His expression suddenly cracks. His eyes clench shut; a network of deep lines emerges across his forehead; his mouth tenses, widening into a distorted black hole, rimmed with bad teeth. You’d think if you were an all-powerful magician who’d been alive for a century you’d at least be able to take the time to fix your terrible teeth.

“Hey,” Billy says, in a voice that he hopes is therapeutic. He momentarily considers reaching out, putting a hand on Ollard’s shoulder, although the idea creeps him out too much for him to get far with it.

“Ollard,” Billy says, expending enormous effort to sound very calm. At this point he’s past thinking that this conversation is like an awkward date; he’s instead realized that it’s more like a hostage negotiation. He tries to remember anything he knows about hostage negotiation, any movie where a hostage negotiation situation was handled effectively. He gets a vision of Denzel Washington, stern and commanding, but he can’t come up with any immediate way to put it to use.

“Timothy,” he tries, with his soothing voice still on. “Where is the Neko?”

“I’m so tired,” Ollard says. He presses the heels of his hands into his face, as though he’s stuffing thoughts back into his head. “I’m tired,” he says again.

“We’re all tired,” Billy says. “Take me to the Neko.”

Ollard draws a long, shuddering breath, and then looks back at Billy, his face having regained some of its composure. “You want to see the Neko?” he says.

“Well, yeah,” Billy says. “I mean. Eventually. We can keep talking for a bit if you want.”

“It doesn’t matter,” Ollard says, rising. “We can talk on the way.”

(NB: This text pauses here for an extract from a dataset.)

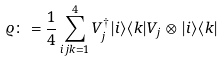<formula> <loc_0><loc_0><loc_500><loc_500>\varrho \colon = \frac { 1 } { 4 } \sum _ { i j k = 1 } ^ { 4 } V _ { j } ^ { \dagger } | i \rangle \langle k | V _ { j } \otimes | i \rangle \langle k |</formula>

“All right then. Let’s go.” Billy claps his hands on his thighs and gets out of the chair, leaving the creepy Americano on the little round table, untouched. They walk behind the counter, weaving between the three workers, who are involved in polishing nonexistent spots off the machines at the bar. Ollard hooks around into the supply room, and just past the big industrial refrigerator and the sinks, right in the spot where labor practices posters should be hanging in mandatory display, the Starbucks abruptly opens into a long corridor, grim and dingy, its walls a sort of dulled avocado, gone rippled from layers upon layers of paint. It has a dusty whiff about it, like a rarely visited back wing of an underfunded natural history museum, like a stuffed bison slowly rotting in an alcove.

“I’ve been alive for a long time,” Ollard says, as the two of them enter the corridor. His voice wavers.

“I’d heard that,” Billy says. They’re passing doors on either side; Billy wonders what he’d find if he opened them. “Lucifer said you’d been alive for like eighty years or something?”

“Oh, longer than that,” Ollard says. “Before that I was just off the radar, I guess. I was … very subtle.”

“It’s a good trick,” Billy says, encouragingly. He looks over his shoulder, back down the hallway, making sure that he can still see the Starbucks supply room. If he can make it back there he can make it back to the door that leads out to the street, and for some reason he believes that if he makes it back out to the street, he’ll be safe.